My daughter is moving looking for a new apartment .( South East )

She has been offered an 2 bed for € 650 per month .

The landlord wants a deposit of € 650 AND a months rent in advance of € 650 .

Is this normal to have to pay down € 1300 in advance ?


----------



## Smashbox (20 Mar 2009)

I have heard of a deposit and a months rent in advance alright, a lot of my friends are renting and this seems fairly standard.


----------



## Havana (20 Mar 2009)

Totally normal. Once she adheres to the terms of the lease she will get the deposit back when she moves out. Make sure she gets the keys as she hands over the deposit and rent and gets the deposit back on the day she moves out.


----------



## Canny39 (20 Mar 2009)

Sounds like a lot doesn't it, but like Havana says it's totally normal. Deposit or as the American's call it security deposit is always paid when you are moving in. This is to protect the landlord from damage other than normal wear and tear to their property during the term of the lease. If when the lease expires no such damage has occurred the tenant is entitled to receive this deposit back. I would advise seeing the following website  http://www.threshold.ie (the National Housing Organisation) to get more advice and information regarding tenants and landlords rights and responsibilities.

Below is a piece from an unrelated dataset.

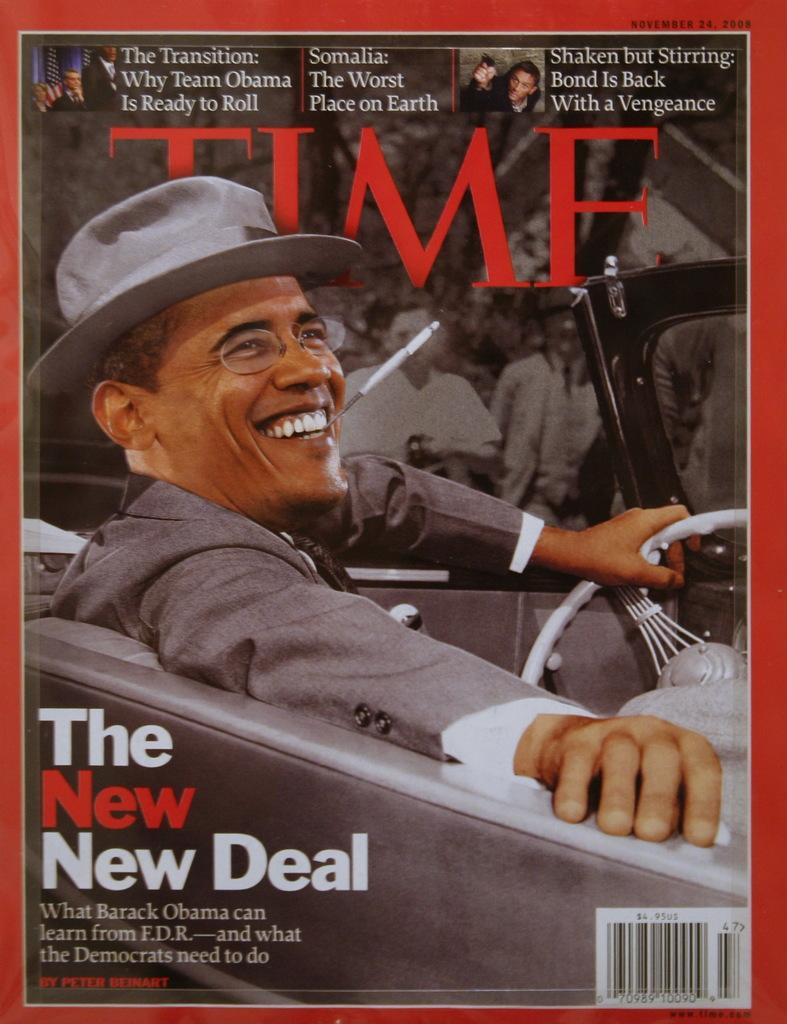<image>
Describe the image concisely. A time magazine cover with Barack Obama on the cover and the headline The New New Deal.

It has a very good section on getting back your deposit.
Rent is usually paid monthly in advance, I assume to protect the landlord from tenants doing a 'moonlight flit' with monies owed.


----------



## L.J (24 Mar 2009)

http://www.revenue.ie/en/tax/it/forms/rent1.pdf

She might find this useful - form for claiming tax relieft on rented accommodation.


----------



## NHG (24 Mar 2009)

Thats the norm, a deposit is always paid in advance and rent is always paid either monthly or weekly in advance which ever is in the agreement.

Utility bills should also go into the tenants name, the esb will look for a deposit if you are not going to pay by direct debit.


----------